The verdict follows a nine-year-long trial in which, along with Bizimungu, an ex-military police leader, Augustin Ndindiliyimana and two other top officers were found guilty of genocide.Two senior officers tried alongside the generals were also convicted and sentenced. The former commander of the reconnaissance battalion, Major Francois-Xavier Nzuwonemeye, was handed 20 years for killing (as a crime against humanity and murder (as a war crime.) His subordinate, captain Innocent Sagahutu, was also sentenced to 20 years.
Presiding Judge Asoka de Silva said Bizimungu was responsible for the conduct of his subordinates. The indictment against Bizimungu says he gave an order “to exterminate the small cockroaches” on the first day of the genocide. He is said to have promised weapons for the slaughter and fuel to burn homes to militias willing to participate in the mass murder of the Tutsis and their Hutu sympathisers.
In the build up to the trial, the general had once topped a list of most-wanted genocide suspects and the U.S. had, put a $ 5 million bounty on his head he was captured in Angola in 2002.
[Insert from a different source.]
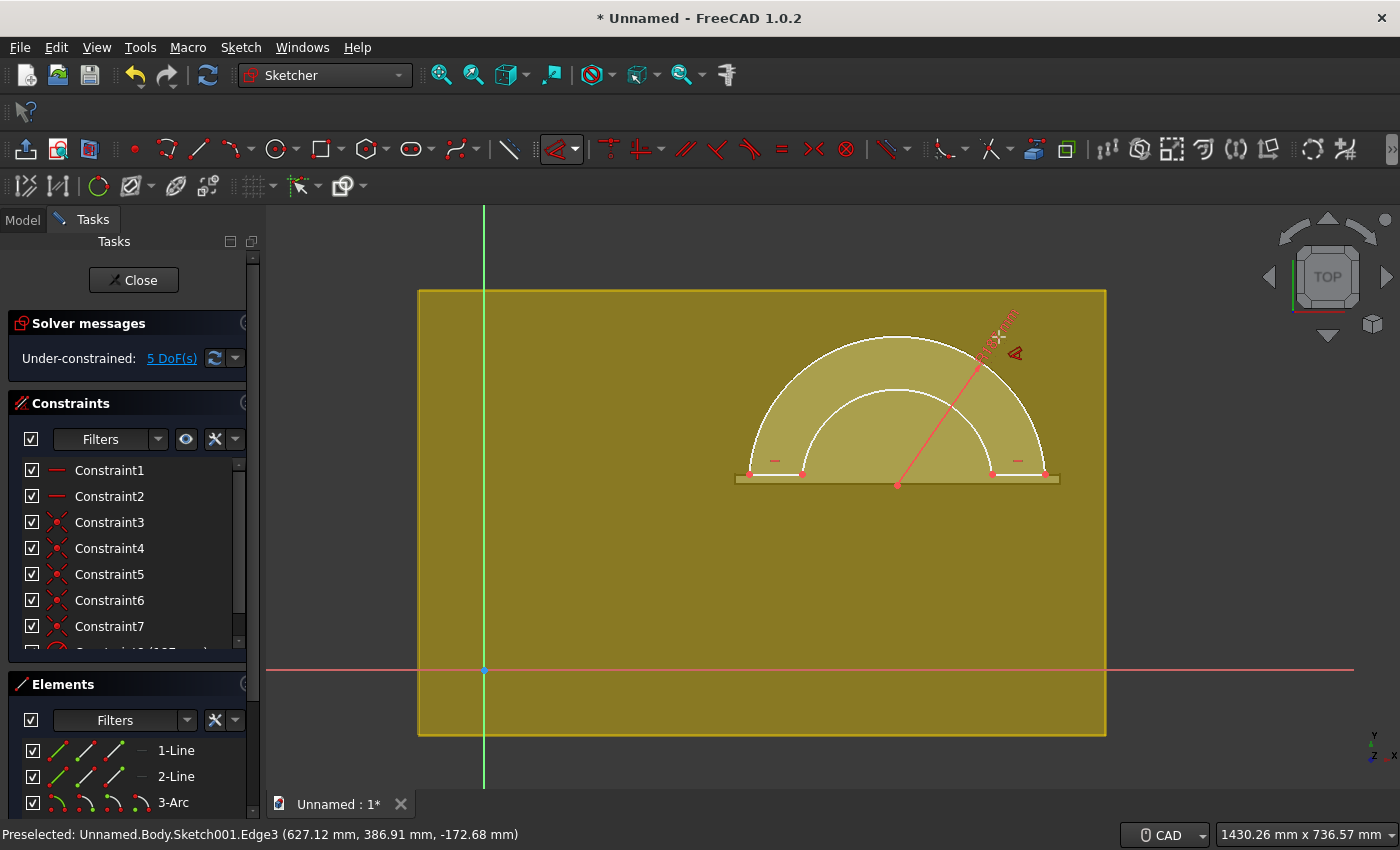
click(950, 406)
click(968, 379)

The court, however, ordered the release of former head of the paramilitary police Ndindiliyimana on the grounds that he had already spent 11 years behind bars since his arrest. It ruled that while Bizimungu had complete control over the men he commanded, Ndindiliyimana had only “limited control” over his men after the start of the massacres on April 6, 1994 and was opposed to the killing. The convictions are a major step forward for the Tanzania-based ICTR which is, tasked with only trying those who bear the greatest responsibility for the genocide, as Bizimungu and Ndindiliyimana are two of the most senior figures to be tried in connection with the genocide. While Ndindiliyimana was arrested in Belgium in January 2000, Nzuwonemeye’s day of reckoning came in February 2000 in France, Sagahutu was detained in Denmark and Bizimungu in Angola.
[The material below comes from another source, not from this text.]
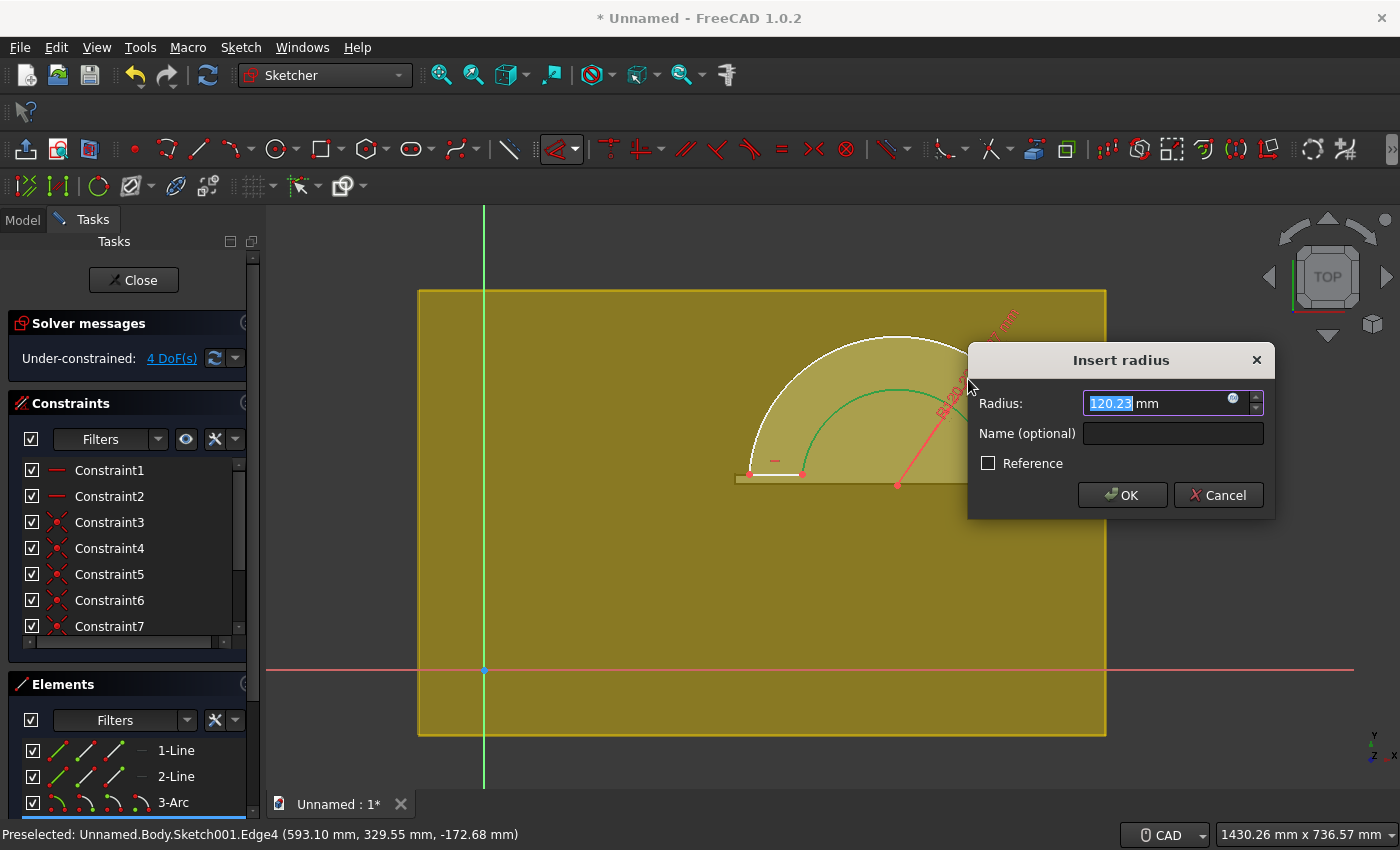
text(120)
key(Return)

The long-running case known as the Military II trial had been adjourned since June 2009 when prosecutors requested life sentences for all four defendants while their defence lawyers asked for their acquittal. In the Military I trial, Colonel Theoneste Bagosora, presented by the prosecutor as the brains behind the genocide, was sentenced to life in prison in December 2008, along with two other senior military figures. Bagosora appealed and the hearing ran from March 30 to April 1, but the appeal verdict is yet to be handed down.
In 2001, the Rwandan government began implementing a participatory justice system, known as Gacaca, in order to address the enormous backlog of cases and is responsible for prosecuting lower level leaders and local people. The UN set up the International Criminal Tribunal for Rwanda that has jurisdiction over high level members of the government and armed forces.